BEGIN

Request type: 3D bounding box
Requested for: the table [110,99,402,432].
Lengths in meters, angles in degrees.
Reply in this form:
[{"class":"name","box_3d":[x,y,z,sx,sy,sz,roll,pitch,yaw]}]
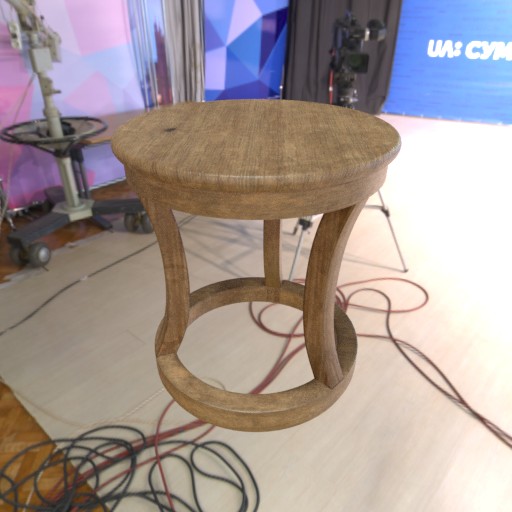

END

### Task statement
All of the data is to be transcribed exactly, with images omitted.

### Expected answer
Request type: 3D bounding box
Requested for: the table [110,99,402,432].
Lengths in meters, angles in degrees.
Reply in this form:
[{"class":"name","box_3d":[x,y,z,sx,sy,sz,roll,pitch,yaw]}]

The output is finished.